Переводчик Платон Смирнов задал пленному вопрос Мартынова, и все сразу заметили, как лицо немца вдруг просветлело, глаза возбужденно заблестели: ему, вероятно, приятно было, что партизаны заинтересовались прежде всего не его военной деятельностью, а его шахтерским трудом. Ободренный этим, он удобнее уселся на табуретке и посмотрел на допрашивающих доверчиво, с надеждой. Затем вдруг нахмурил брови и задумался. Мартынов, Злобич и Смирнов не торопили его, спокойно сидели у стола и ждали ответа. Наконец пленный собрался с мыслями, нашел нужные слова и стал рассказывать о своей прошлой жизни.
– Работал на шахтах Рура, – торопливо принялся переводить Смирнов. – Говорит, что он двадцать пять лет был шахтером и только один год – солдатом. Рад, что он, Пауль Вирт, наконец вырвался из-под власти фашизма.
Его не перебивали, и он взволнованно продолжал рассказывать о бедном шахтерском поселке в одном из уголков богатого Рура, где прошла жизнь его деда и отца, где пятнадцатилетним юношей он впервые спустился в шахту и провел в ней четверть столетия, где теперь в непрерывной тревоге живут его малолетние дети и больная туберкулезом жена.
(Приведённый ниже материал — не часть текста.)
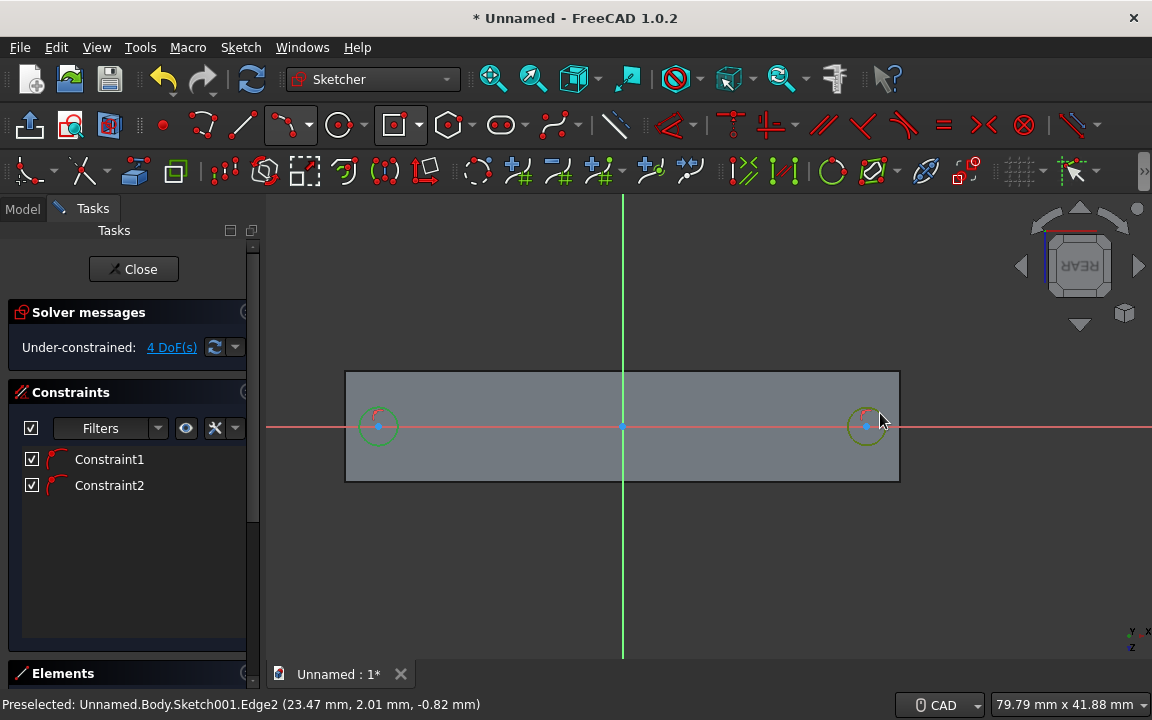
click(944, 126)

– Я люблю шахту и горжусь, что являюсь шахтером, – закончил он свой рассказ.
Поглядывая на него, Злобич хмуро сказал:
– Уж очень он нажимает на свое шахтерство. А работал-то на какую машину? На гитлеровскую!
– Да, но ты правильно пойми его: он сейчас не задумывается над результатами своего труда, а гордится своим профессиональным мастерством, тем, что он на земле не трутень, не эксплуататор, а рабочий человек. – Мартынов пристально взглянул на Злобича и, почувствовав, что их разговор может перерасти в спор, предупредительно поднял руку, сказал: – Не будем затягивать допрос, послушаем дальше пленного.
Пауль Вирт напряженно поглядывал то на помрачневшего Злобича, то на спокойного Мартынова; он, видимо, хотел понять смысл их разговора. И затем, точно отвечая на вопрос Злобича, сказал Смирнову:
– Я не выслуживался перед капиталистами, я боролся против них, – он вдруг сбросил с себя шинель, мундир и с силой рванул карман, пришитый на сорочке под мышкой. – Посмотрите мои документы.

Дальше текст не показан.